November 25, 2011
In past exercises we have seen several flavors of search trees: simple (unbalanced) binary trees, red/black trees, treaps, and ternary search trees. In today’s exercise we look at the oldest, and in some ways simplest, of the balanced binary search trees, known as AVL trees, invented in 1962 by the Russian mathematicians Georgii Maksimovich Adelson-Velskii and Evgenii Mikhailovich Landis.
AVL trees are a type of binary search tree, and maintain the property that all elements in the left child of each node have keys that are less than the key of the current node, and all elements in the right child of each node have keys that are greater than the key of the current node. AVL trees maintain balance using a height field in each node, along with the key, value, and pointers to the two children; the height of a node is length of the longest path from the node to the bottom of the tree. An AVL tree is balanced if, for every node in the tree, the heights of its children differ by no more than 1. Thus, the maximum height of the tree is O(log2 n), where n is the number of nodes in the tree, so all operations — lookup, insert and delete — can be performed in guaranteed (not expected, not amortized) logarithmic time in both the average case and the worst case.

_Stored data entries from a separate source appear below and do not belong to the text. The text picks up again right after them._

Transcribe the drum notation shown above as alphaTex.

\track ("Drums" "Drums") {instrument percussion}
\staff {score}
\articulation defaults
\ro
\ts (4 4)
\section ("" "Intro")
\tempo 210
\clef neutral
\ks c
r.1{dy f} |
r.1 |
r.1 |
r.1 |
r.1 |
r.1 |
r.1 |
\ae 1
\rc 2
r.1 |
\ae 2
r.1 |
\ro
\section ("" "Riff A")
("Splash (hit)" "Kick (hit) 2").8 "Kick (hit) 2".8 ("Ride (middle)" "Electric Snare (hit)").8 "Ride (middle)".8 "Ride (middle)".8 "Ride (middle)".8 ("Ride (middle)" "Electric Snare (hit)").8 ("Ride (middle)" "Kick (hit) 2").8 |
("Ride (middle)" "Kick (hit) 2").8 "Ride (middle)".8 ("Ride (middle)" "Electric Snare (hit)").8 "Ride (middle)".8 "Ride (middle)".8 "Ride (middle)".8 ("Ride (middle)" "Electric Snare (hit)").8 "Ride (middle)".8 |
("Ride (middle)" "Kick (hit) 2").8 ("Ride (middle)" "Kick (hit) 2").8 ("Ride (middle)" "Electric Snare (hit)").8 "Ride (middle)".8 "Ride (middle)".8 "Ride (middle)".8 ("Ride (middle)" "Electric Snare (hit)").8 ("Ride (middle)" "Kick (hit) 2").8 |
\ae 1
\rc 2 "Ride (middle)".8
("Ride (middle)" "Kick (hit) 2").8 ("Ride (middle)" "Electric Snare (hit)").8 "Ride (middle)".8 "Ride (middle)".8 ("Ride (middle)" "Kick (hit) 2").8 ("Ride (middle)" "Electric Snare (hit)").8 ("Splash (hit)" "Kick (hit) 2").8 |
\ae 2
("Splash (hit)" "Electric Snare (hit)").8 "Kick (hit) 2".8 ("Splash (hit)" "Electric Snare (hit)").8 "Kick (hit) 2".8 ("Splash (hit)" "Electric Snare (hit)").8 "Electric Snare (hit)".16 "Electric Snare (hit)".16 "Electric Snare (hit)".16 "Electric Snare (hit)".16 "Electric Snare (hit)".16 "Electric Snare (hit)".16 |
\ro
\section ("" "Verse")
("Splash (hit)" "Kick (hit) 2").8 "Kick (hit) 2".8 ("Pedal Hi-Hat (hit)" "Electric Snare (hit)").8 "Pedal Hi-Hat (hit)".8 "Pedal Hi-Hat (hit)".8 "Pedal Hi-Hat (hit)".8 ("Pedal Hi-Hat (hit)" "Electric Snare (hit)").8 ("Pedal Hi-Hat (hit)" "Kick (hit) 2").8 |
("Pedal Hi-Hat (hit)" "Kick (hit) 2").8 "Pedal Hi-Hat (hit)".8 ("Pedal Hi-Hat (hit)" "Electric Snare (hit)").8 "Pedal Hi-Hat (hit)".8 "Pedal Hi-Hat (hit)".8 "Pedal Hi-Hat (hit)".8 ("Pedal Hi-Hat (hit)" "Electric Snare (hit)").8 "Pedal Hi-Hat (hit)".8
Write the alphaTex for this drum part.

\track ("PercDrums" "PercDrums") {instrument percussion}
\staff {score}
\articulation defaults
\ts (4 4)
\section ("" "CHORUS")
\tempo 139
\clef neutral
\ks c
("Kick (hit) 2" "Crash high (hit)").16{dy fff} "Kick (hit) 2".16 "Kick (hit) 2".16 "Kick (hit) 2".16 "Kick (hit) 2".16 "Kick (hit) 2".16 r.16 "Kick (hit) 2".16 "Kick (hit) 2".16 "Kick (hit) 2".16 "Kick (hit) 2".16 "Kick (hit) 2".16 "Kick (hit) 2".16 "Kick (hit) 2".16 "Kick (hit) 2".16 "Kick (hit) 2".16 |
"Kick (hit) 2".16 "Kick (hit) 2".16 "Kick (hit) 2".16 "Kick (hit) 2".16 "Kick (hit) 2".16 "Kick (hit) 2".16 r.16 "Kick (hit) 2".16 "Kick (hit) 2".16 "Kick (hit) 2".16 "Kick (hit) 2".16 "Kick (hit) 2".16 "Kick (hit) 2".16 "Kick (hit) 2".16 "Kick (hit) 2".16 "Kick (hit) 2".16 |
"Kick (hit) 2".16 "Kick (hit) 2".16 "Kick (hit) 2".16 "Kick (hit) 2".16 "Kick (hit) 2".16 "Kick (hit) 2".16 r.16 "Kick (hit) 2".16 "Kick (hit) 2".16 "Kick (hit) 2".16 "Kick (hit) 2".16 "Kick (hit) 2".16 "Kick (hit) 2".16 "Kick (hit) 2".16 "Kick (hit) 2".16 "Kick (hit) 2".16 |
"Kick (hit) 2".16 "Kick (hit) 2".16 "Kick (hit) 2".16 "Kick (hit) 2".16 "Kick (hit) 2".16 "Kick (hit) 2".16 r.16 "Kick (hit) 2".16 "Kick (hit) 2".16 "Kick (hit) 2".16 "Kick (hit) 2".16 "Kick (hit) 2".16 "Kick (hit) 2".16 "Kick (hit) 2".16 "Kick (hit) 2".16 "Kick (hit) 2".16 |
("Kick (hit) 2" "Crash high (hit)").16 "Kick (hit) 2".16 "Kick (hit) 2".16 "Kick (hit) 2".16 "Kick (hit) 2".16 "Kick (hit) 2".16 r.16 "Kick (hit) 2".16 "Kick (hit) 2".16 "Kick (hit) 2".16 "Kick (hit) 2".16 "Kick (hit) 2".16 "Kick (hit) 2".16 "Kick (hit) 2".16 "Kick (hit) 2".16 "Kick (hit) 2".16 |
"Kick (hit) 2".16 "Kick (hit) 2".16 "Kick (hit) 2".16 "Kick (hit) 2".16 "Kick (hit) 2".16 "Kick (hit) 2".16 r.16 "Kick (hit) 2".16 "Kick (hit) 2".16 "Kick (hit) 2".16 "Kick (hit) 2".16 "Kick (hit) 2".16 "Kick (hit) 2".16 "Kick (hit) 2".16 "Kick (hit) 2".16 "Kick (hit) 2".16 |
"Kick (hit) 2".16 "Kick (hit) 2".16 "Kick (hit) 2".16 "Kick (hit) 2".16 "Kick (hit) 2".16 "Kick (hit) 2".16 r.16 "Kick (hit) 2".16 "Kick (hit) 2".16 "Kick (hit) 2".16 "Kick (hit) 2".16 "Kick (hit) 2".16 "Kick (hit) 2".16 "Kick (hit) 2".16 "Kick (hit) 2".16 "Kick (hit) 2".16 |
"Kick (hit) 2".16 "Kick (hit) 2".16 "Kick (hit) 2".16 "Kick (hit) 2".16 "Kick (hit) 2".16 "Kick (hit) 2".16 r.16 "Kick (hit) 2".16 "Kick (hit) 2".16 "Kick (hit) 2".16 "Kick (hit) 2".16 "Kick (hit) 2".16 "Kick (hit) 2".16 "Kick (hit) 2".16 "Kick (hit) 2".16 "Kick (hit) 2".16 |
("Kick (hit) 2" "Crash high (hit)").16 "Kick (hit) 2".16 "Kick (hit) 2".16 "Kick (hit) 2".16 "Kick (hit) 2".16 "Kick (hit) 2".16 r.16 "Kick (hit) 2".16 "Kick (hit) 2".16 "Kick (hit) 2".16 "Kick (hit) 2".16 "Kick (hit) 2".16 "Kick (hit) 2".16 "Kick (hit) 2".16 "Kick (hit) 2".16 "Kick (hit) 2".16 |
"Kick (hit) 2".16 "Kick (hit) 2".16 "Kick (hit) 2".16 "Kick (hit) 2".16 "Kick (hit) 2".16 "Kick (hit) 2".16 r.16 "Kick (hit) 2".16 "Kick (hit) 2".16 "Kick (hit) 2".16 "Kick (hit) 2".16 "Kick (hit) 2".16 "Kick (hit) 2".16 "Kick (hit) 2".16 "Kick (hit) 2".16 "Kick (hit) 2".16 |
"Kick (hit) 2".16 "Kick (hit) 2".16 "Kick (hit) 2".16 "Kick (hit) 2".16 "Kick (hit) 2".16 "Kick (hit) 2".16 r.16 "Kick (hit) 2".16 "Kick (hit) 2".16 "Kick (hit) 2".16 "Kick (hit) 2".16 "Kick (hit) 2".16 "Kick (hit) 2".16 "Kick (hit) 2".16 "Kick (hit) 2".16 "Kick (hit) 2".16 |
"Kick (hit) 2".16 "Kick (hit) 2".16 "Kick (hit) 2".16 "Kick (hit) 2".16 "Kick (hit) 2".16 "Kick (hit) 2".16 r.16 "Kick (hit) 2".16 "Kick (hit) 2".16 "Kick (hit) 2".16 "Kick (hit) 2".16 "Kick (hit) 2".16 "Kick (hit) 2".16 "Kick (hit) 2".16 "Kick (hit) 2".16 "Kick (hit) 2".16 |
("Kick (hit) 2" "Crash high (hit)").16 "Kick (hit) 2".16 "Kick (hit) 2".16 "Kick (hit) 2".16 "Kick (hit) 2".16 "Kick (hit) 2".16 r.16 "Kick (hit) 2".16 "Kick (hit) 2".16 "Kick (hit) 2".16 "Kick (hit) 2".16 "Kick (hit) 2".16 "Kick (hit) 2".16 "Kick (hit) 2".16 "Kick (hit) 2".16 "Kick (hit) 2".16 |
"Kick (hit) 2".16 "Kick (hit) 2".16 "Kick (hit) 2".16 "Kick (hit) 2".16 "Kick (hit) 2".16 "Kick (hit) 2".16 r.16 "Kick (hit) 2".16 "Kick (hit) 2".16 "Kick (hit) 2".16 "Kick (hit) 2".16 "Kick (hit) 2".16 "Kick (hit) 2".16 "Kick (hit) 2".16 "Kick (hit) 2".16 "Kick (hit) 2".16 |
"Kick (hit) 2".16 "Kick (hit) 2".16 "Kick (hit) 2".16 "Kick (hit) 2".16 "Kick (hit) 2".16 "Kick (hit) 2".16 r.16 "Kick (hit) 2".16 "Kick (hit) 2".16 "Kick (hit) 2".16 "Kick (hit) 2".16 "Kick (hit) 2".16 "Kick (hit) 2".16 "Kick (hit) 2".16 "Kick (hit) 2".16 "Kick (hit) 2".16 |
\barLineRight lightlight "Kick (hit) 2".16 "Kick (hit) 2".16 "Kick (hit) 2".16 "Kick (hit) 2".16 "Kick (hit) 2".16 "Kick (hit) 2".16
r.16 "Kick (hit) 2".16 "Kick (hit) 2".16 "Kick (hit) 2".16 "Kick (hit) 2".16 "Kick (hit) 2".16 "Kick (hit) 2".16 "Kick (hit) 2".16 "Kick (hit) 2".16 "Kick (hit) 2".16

The lookup operation is simple, and works exactly the same way as a simple (unbalanced) binary search tree. If the key at the root of the tree is the desired key, return the associated value. Otherwise, lookup the desired key recursively in either the left subtree or the right subtree, depending on whether the desired key is less than or greater than the current tree. If you reach a nil tree, the key is not in the tree and the search fails.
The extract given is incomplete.